What to work on:
Return the line containing "The height and" together with every later line up to the end of the records, exactly and with no pictures; return nothing else.

────────────────────────────────────────

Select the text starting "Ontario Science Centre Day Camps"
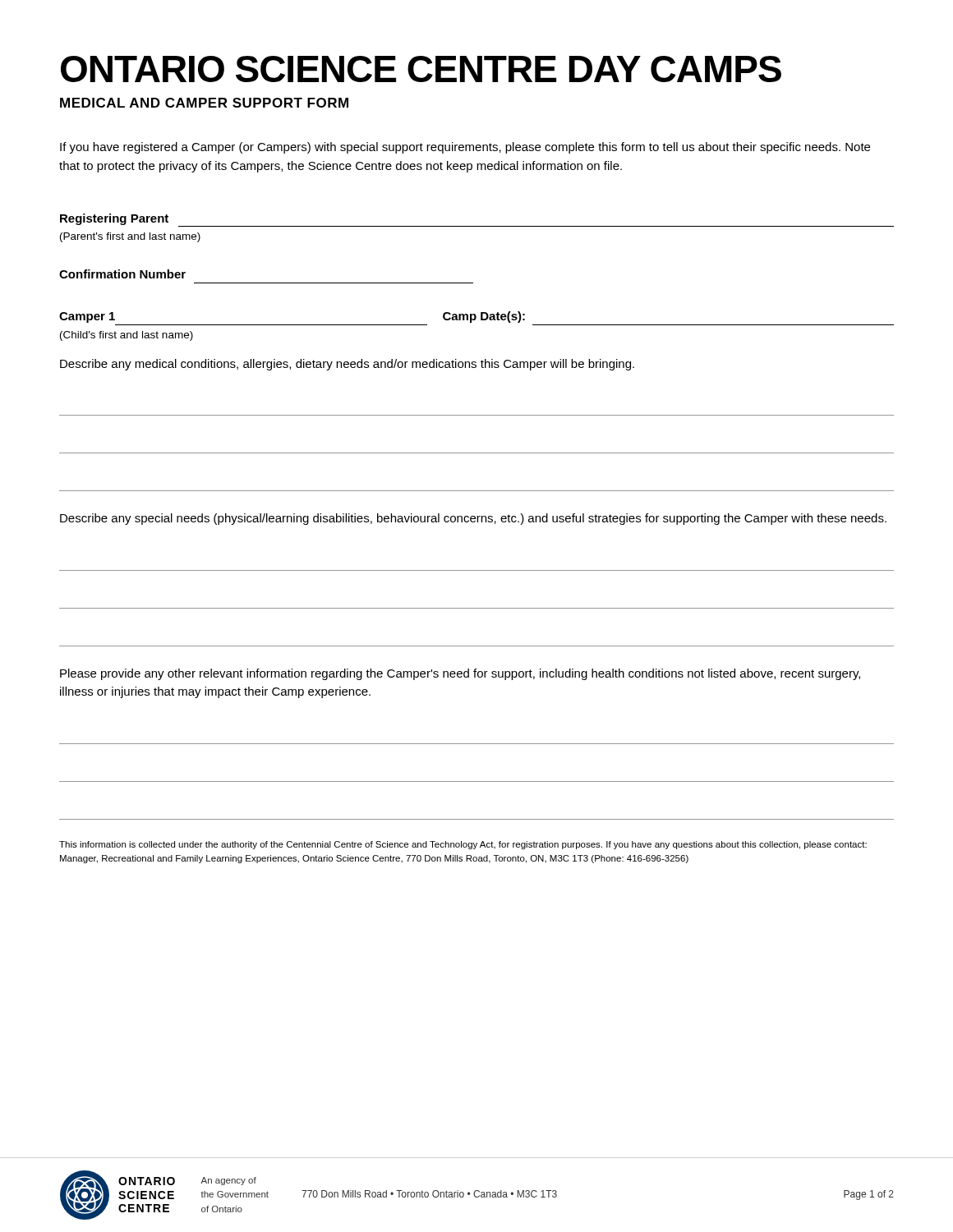This screenshot has width=953, height=1232. pyautogui.click(x=476, y=69)
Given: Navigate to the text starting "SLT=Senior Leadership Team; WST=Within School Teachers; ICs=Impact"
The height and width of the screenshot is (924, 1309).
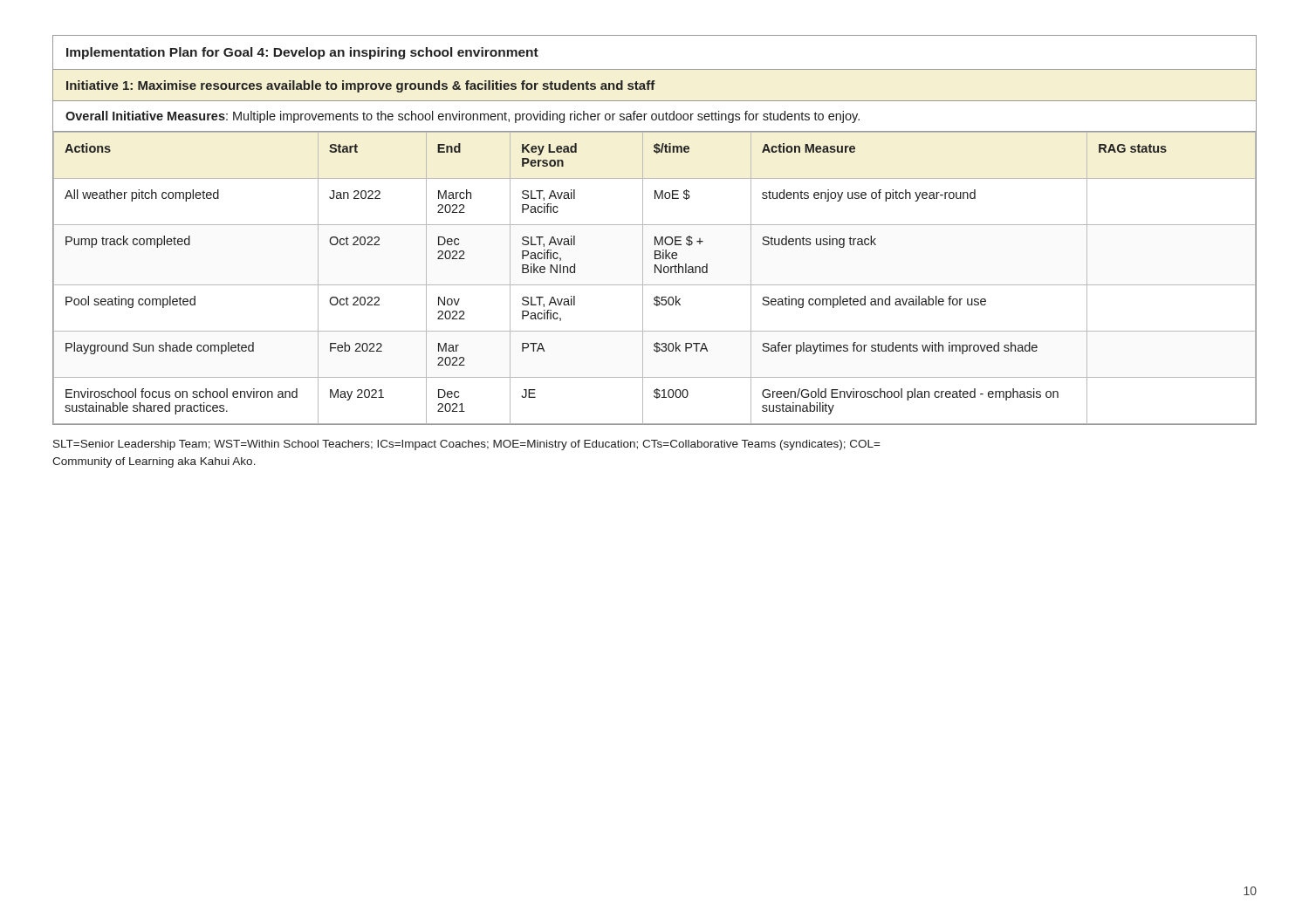Looking at the screenshot, I should click(466, 453).

────────────────────────────────────────

Response area:
The height and width of the screenshot is (924, 1309).
Looking at the screenshot, I should click(466, 453).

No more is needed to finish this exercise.